> [Exercise requirements]: Would you write out, word for word, each line of the records below from the top through the one holding "toaster;-0.055;0.251;0.995;0.291;0.198;0.177;5;59;-5"?
________________________________________
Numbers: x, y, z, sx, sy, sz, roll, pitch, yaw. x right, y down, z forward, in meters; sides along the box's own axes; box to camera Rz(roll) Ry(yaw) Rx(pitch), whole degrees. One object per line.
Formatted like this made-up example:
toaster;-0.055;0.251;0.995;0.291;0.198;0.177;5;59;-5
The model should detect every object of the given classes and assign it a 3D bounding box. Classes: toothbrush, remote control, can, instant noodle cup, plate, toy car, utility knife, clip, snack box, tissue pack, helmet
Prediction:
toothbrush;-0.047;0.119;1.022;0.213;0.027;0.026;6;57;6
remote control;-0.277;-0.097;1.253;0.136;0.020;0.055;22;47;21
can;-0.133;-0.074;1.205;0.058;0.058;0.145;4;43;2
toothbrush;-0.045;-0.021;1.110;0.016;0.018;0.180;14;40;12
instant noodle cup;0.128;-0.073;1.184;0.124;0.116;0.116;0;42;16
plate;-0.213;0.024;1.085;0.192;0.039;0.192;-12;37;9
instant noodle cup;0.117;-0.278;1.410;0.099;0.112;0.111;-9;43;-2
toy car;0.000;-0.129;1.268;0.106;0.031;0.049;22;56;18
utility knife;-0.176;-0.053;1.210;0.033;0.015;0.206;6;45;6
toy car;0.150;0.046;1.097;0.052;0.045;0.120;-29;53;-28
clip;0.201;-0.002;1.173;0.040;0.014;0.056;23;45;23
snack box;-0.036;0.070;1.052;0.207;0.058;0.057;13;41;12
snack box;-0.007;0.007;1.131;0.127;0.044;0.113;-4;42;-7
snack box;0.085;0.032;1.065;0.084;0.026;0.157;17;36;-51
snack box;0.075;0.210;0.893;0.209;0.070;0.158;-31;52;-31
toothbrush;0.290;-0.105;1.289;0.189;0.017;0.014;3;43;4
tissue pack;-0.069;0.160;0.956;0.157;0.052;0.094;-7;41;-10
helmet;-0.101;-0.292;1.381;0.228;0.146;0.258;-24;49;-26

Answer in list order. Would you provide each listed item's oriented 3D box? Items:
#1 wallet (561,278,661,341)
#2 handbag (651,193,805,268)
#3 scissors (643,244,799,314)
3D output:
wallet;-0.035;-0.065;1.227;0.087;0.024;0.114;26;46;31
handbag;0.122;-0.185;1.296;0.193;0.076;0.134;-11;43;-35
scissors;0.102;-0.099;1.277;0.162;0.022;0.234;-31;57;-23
________________________________________
> [Exercise result]:
Numbers: x, y, z, sx, sy, sz, roll, pitch, yaw. x right, y down, z forward, in meters; sides along the box's own axes; box to camera Rz(roll) Ry(yaw) Rx(pitch), whole degrees. One object per line.
Formatted like this made-up example:
toaster;-0.055;0.251;0.995;0.291;0.198;0.177;5;59;-5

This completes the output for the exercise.